For the transverse vaginal septum and imperforate hymen patients, molecular analysis has been essentially nonexistent.

Contemporary Issues for Management

The diagnosis of CAUV is essentially clinical. The classic finding of absence of the vagina or a vaginal pouch (usually developed through prior coital attempts) associated with otherwise Tanner stage 5 breast and pubic hair development is unlikely anything else but CAUV. A search for associated physical findings of bony malformations (commonly scoliosis) and rarely inguinal hernias or scars from prior repair should be conducted. The inguinal hernias occur because the round ligaments can pull the unconnected uterine remnants and associated fallopian tubes and ovaries into the inguinal canals. The diagnosis of CAUV can be confirmed simply by a pelvic ultrasound study that demonstrates the presence of ovaries with follicular activity. The midline uterus will not be seen. Neither a karyotype nor laparoscopy is necessary for the diagnosis in the majority of CAUV patients. The prepubertal patient could be misdiagnosed with AIS. However, post-pubertal the clinical findings for CAUV and AIS are sufficiently different that diagnosis of each is usually straightforward. If in doubt, a serum total testosterone level is the least expensive method of resolving the confusion; levels within the female and male ranges will differentiate the two conditions. One must now always consider, however, the WNT4 mutation syndrome for which patients with müllerian aplasia may manifest symptoms or biochemical evidence of androgen excess and reduced ovarian reserve.
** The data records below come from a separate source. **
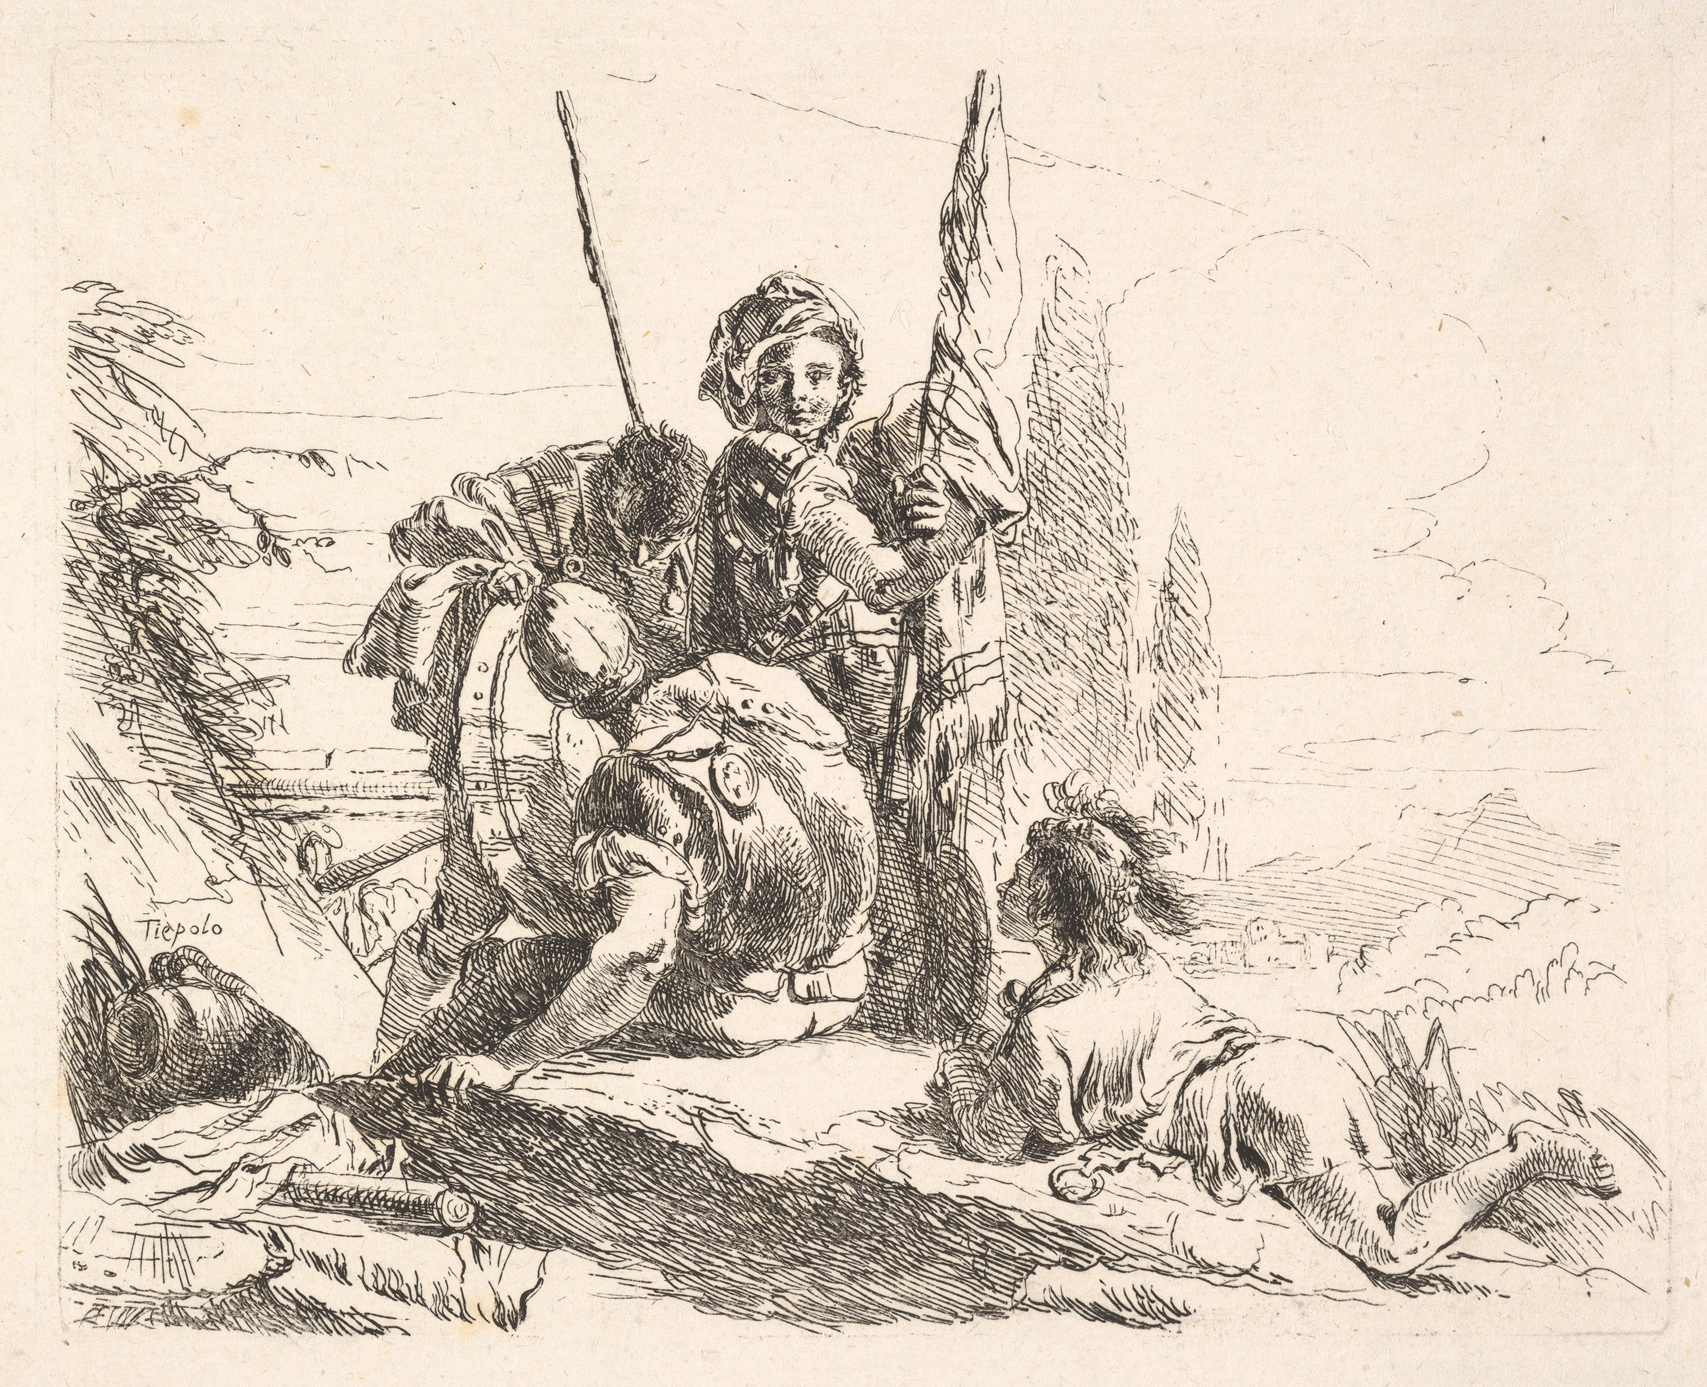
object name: print
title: Three soldiers and a youth lying on his abdomen in a landscape, the soldiers bear armor and a flag, from "The Capricci"
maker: giovanni battista tiepolo
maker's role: artist
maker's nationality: italian
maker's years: 1696-1770
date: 1740-1742
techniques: etching
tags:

Although not currently recommended as first-line management, treatment of this condition has previously been surgical; a number of different surgical techniques have been utilized for creation of the vagina. In the United States, the McIndoe vaginoplasty has been the most commonly performed surgery for neovaginal creation. This is the classic procedure in which a skin graft is sewn around a mold and inserted into a newly dissected vaginal space. After a skin graft takes, the patient wears a vaginal mold for an extended period of time and until regular coitus to prevent scarring down of the neovagina. In other parts of the world and some areas of the US, the Vecchietti procedure is more commonly performed. In this procedure an olive shaped instrument is placed at the perineal dimple and pulled inward under tension by attached wires, sutures, or threads stretching the perineal skin in the direction of the normal vaginal axis. The tension cords were originally placed by abdominal surgery and in more recent years have been placed by laparoscopy (272-276). Another procedure, the Davydov procedure, was developed in Russia and is gaining popularity worldwide including the US (277,278). In this procedure, laparoscopic assistance is used to bring peritoneum from the pouch of Douglas into the space created for the neovagina. A purse-string suture is placed at the top and the neovagina is created. Results of both of these alternatives have been overall very encouraging (279-281).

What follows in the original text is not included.